__Source records__:
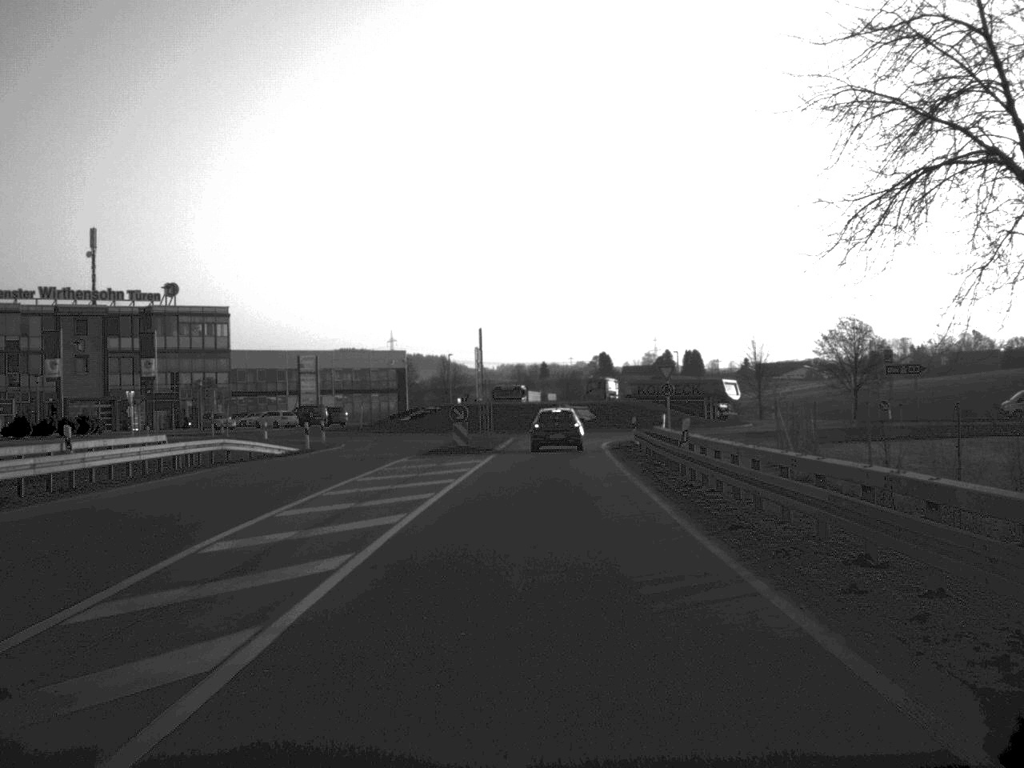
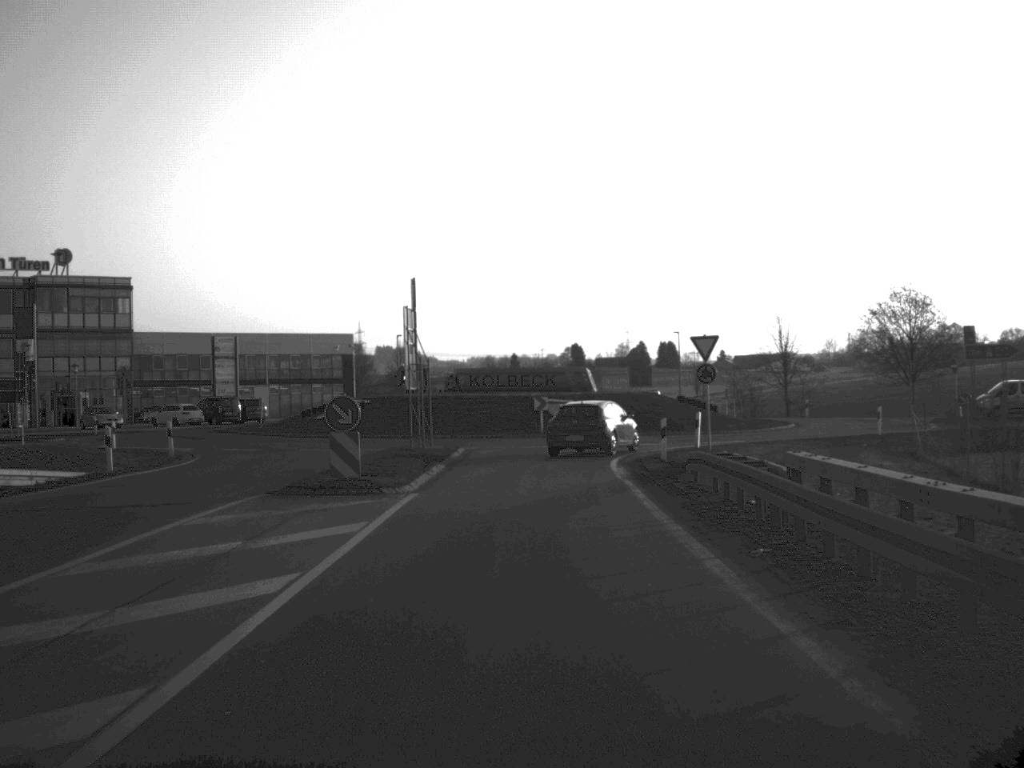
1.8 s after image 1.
(+0.3, +20.7) m; +1°
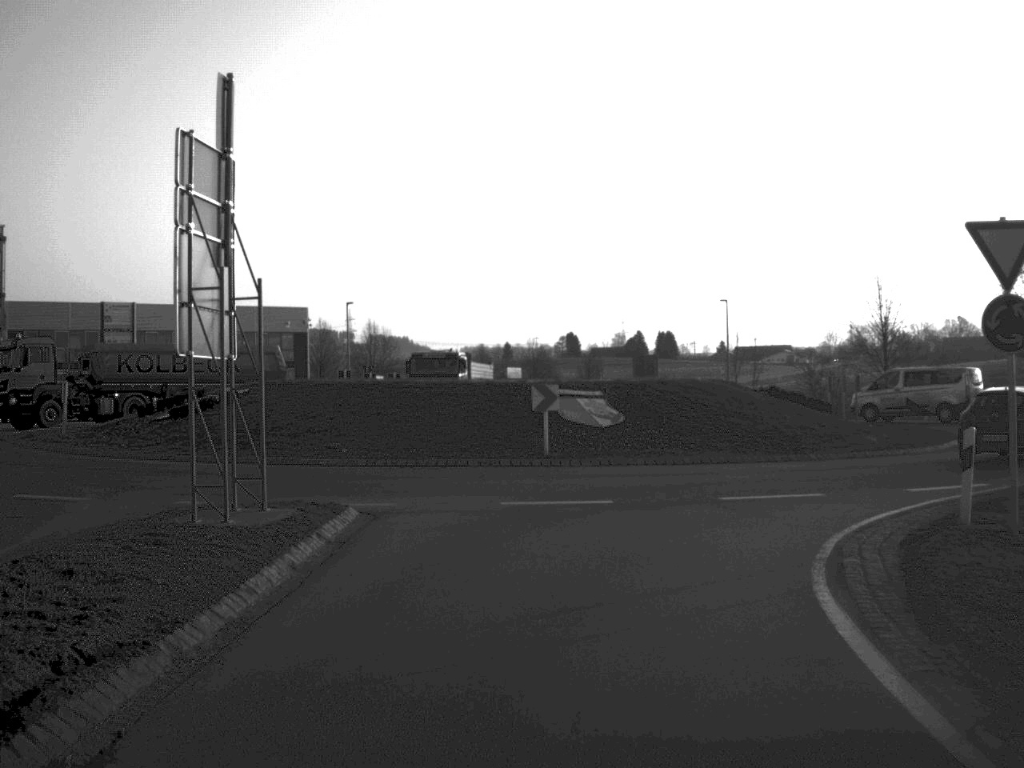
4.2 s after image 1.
(0.0, +23.3) m; 0°
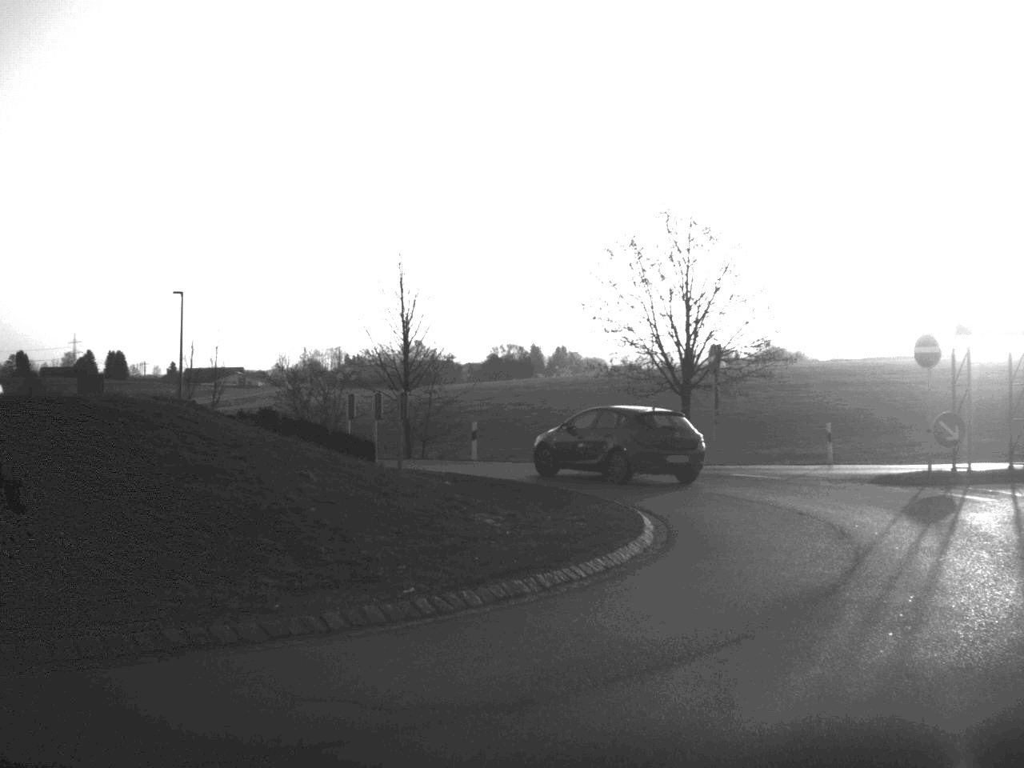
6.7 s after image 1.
(+1.9, +16.4) m; +25°
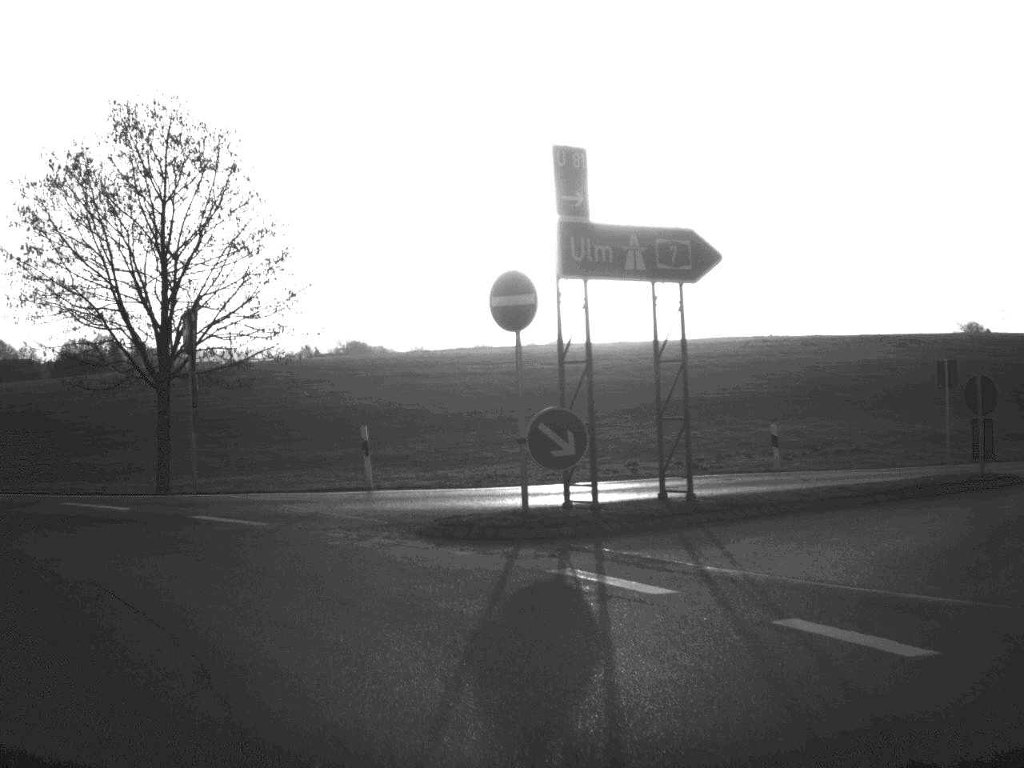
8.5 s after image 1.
(+2.8, +10.9) m; +17°
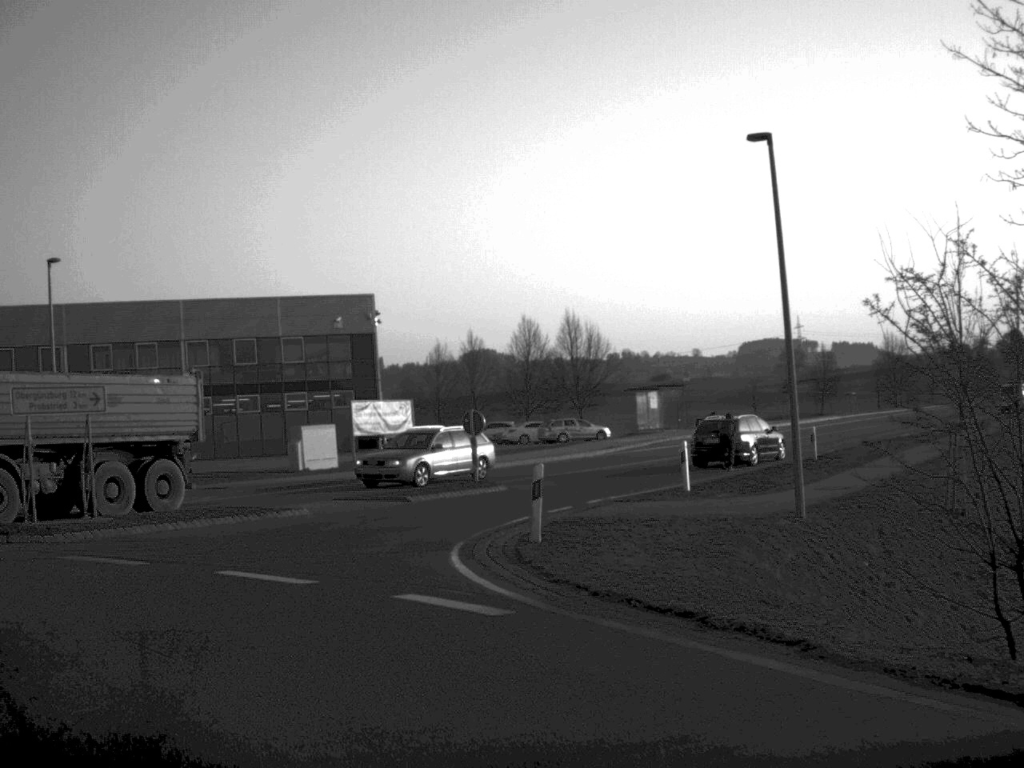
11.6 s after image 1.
(-9.5, +16.9) m; -65°
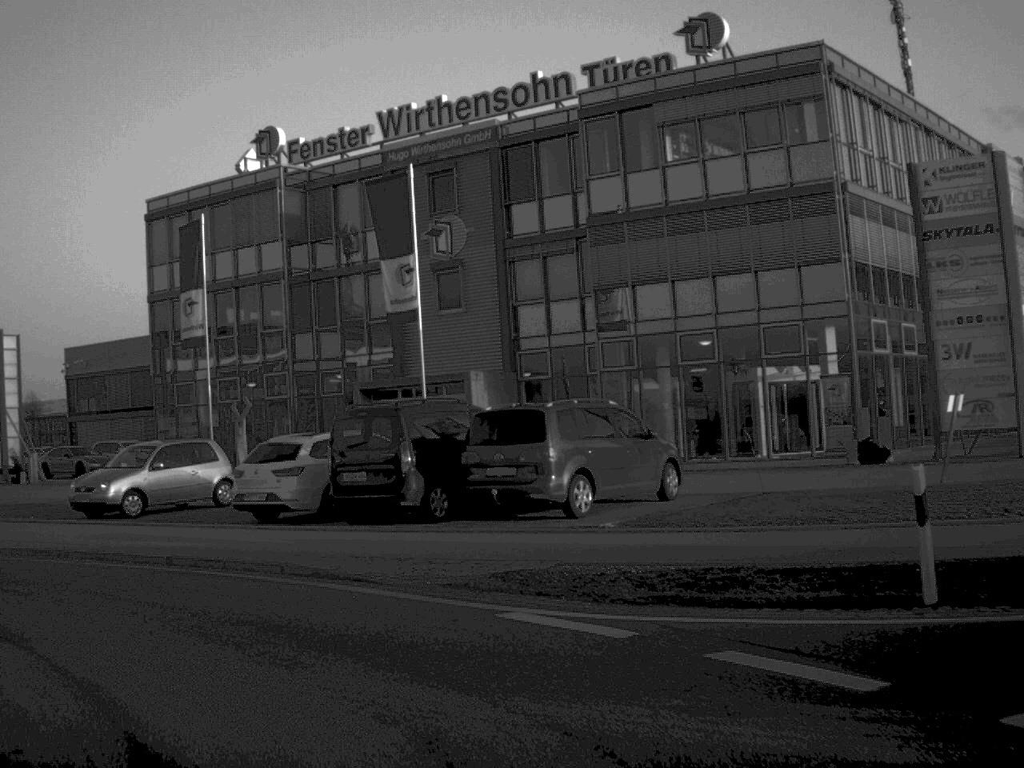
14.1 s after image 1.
(-7.5, +13.4) m; -58°

__PROBLEM DESCRIPTION__:
Retype all the data exactly; skip the pictures.

__YOUR SOLUTION__:
1.8 s after image 1.
(+0.3, +20.7) m; +1°
4.2 s after image 1.
(0.0, +23.3) m; 0°
6.7 s after image 1.
(+1.9, +16.4) m; +25°
8.5 s after image 1.
(+2.8, +10.9) m; +17°
11.6 s after image 1.
(-9.5, +16.9) m; -65°
14.1 s after image 1.
(-7.5, +13.4) m; -58°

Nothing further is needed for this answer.